Digital Payments

How To Make Gig Workers Feel Smarter About Taxes

Most of us, upon spotting a $10 bill on the ground, would pick it up and pocket it, assuming we were sure we were not stealing that money. It’s pretty much a no-brainer — free money is good. But as Keeper Tax Co-Founder and CEO Paul Koullick tells it, that same mentality breaks down when it comes to gig workers and taxes — too often, those workers are intimated by the multi-layer complexity of gaining all their write-offs, deductions and refunds from the Internal Revenue Service (IRS), a situation that basically leaves money on the table (or, of course, the ground).

Karen Webster recently caught up with Koullick for the latest edition of the PYMNTS Matchmakers podcast series. Keeper Tax focuses on solving one of the common problems in the expanding gig economy — making sure those workers, who are almost always independent contractors, have the digital assistance necessary to do their taxes in a way that not only prevents them from paying too much to tax agencies, but saves them from paying too little and facing the penalties and other hassles of making that mistake.

 

Gig Economy Growth

In general, as the gig economy keeps growing, he said, workers who take part it in are “severely unprepared for the responsibility as independent contractors, and are therefore often overpaying. According to Keeper Tax, in fact, the average gig worker in the U.S. is overpaying their taxes by more than 20 percent, or about $1,550 for those making more than $25,000 per year.

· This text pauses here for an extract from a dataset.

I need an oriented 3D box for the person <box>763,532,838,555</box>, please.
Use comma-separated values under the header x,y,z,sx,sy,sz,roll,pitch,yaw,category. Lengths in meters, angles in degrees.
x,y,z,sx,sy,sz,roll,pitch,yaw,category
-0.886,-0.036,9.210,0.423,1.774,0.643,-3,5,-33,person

The rise of such bank-end, payment-related services for gig workers comes as the gig economy continues to expand, as confirmed by PYMNTS research. For instance, the most recent Gig Economy Index found U.S. gig workers accounting for more than $1.4 trillion in income by the end of 2018 — underscoring how the gig economy is becoming a mainstream part of the global economy. As well, from ridesharing drivers to freelance designers and consultants, an increasing share of gig workers are pursuing specialized jobs, often juggling multiple gigs at once. In fact, the share of those in the gig economy with highly specialized skills rose to 32.3 percent in Q4 2018 — a 12.2 percent increase over the previous quarter.

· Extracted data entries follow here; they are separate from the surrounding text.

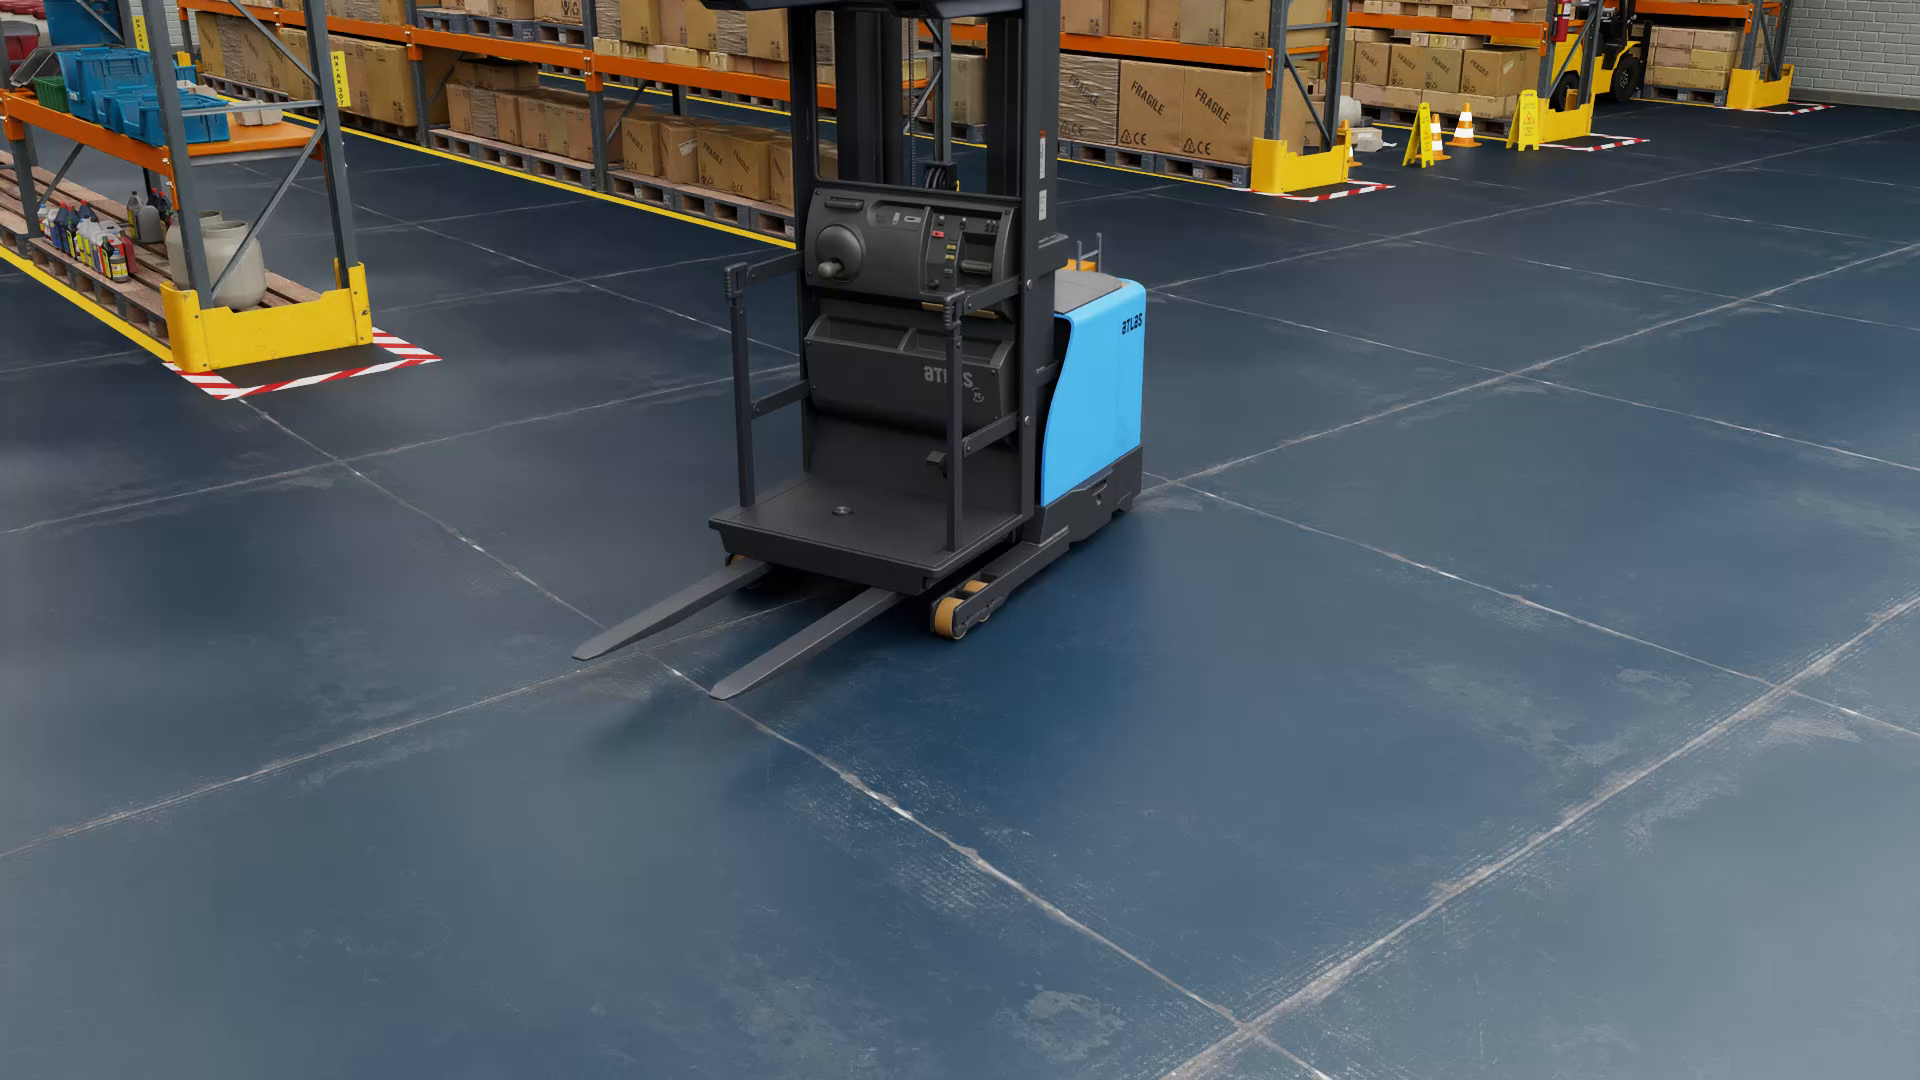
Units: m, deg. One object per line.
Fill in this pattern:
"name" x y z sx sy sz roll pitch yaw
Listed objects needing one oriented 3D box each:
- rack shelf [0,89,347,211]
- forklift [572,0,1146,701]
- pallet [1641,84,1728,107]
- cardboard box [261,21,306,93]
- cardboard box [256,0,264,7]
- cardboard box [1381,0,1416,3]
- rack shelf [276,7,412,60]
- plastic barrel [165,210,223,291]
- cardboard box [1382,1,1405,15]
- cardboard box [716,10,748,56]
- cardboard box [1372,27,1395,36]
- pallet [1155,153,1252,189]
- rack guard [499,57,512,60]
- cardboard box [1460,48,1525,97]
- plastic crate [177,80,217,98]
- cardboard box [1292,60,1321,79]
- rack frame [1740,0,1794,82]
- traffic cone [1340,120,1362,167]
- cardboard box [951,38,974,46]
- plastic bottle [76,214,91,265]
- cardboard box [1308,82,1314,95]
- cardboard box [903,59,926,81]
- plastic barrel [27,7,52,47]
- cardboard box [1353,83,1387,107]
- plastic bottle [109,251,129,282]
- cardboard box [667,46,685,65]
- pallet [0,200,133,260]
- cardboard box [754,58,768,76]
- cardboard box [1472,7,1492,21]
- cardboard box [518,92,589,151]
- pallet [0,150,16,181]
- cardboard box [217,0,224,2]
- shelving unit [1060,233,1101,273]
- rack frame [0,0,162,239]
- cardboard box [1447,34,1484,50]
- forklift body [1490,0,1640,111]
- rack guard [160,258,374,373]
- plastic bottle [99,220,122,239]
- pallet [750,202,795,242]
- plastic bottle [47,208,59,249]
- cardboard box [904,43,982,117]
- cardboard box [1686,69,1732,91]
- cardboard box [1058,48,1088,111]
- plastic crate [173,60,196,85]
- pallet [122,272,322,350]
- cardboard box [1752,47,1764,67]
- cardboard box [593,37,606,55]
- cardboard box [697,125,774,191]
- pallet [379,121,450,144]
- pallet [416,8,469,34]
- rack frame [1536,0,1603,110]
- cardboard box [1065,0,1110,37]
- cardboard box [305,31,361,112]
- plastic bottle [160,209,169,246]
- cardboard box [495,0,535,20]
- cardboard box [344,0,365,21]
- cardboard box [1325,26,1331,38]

That creates an increasing need for proper guidance on taxes. Gig workers are expected to handle their own withdrawals and receipts, and can face penalties of up to 9 percent if they underpay, and a significant loss of their hard-earned income if they overpay. When talking with Webster, Koullick recalled the pain of his own time as a freelance worker, when he had to “had to give away a third of this money” in service of taxes, and “felt the sinking feeling that I had overpaid.”

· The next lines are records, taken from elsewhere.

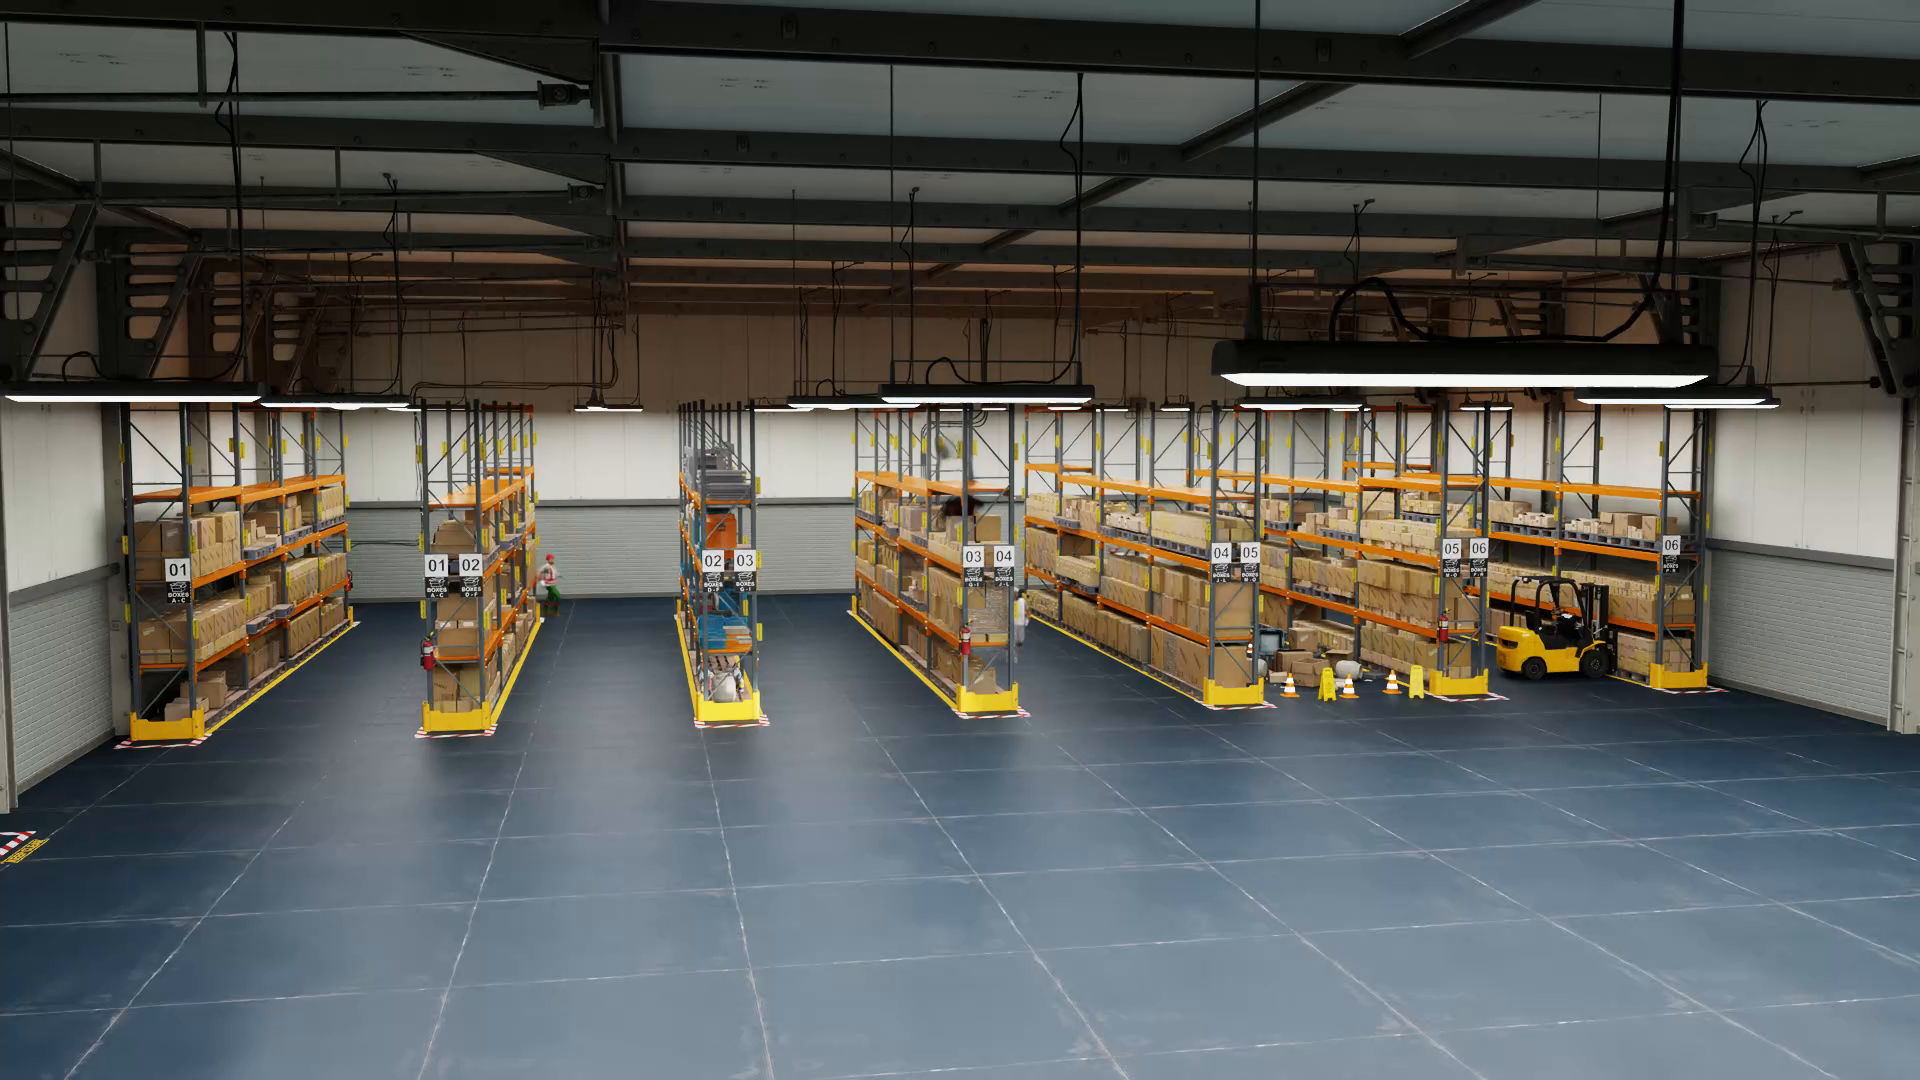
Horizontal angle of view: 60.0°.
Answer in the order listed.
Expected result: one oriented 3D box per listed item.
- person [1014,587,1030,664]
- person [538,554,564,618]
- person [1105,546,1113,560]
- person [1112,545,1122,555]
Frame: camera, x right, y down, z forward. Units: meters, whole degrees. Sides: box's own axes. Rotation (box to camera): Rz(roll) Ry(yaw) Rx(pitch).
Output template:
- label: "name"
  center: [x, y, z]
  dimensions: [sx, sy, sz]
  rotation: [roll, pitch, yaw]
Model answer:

Now that experience helps guide his work with Keeper Tax. “It’s a really tough spot to be in as a gig worker,” he said. “You don’t necessarily realize all that’s required” to avoid mistakes on taxes, “and you can’t afford to hire an accountant.” Not only that, but so many Keeper Tax clients — who include both full-time and part-time gig workers — are, he said, new to the gig economy, and that tends to mean they are even less knowledgeable about the tax situations of that type of work — including what qualifies as a legal deduction.

Keeper Proposition

That’s where digital technology comes in.

The business doesn’t do tax filings, Koullick said, though it does provide help with quarterly tax statements to the IRS, and could one day offer full annual filing services. Keeper Tax links to customer debit or credit card accounts but doesn’t sell its users’ data, he told Webster during the Matchmakers podcast. Those links enable Keeper Tax to “monitor purchases (by gig workers) throughout the year and send texts about potential deductions.

Keeper Tax software — paid for via a subscription cost model that charges uses a percentage of what the company saves them on their taxes — identifies those likely deductions, and sends daily, weekly and monthly updates about those potential points of tax savings. For instance, a gig worker might get a text message saying that $4 of the $12 ride to work, or a portion of the business lunch, qualifies for a deduction. “We take care of all the categorizations,” he said.

The company also employs a certified accountant to identify potential red flags from users that the IRS would likely notice at tax-filing time, in hopes of preventing problems down the road. The company also audits those regular updating statements its sends to users, Koullick said. “If you are making $30,000 a year, and you have $8,000 in meals written off, that suspicious,” he said.

The digital technology as play is, in general, designed to give gig workers more confidence about their earnings from gig work. “People love feeling smarter about taxes,” he said.

As the gig economy continues to grow, and more full-time and part-time gig workers take part in that sector, you can be sure that taxes will take on increasing importance — and that feeling smart about them will be a vital part of this labor experience.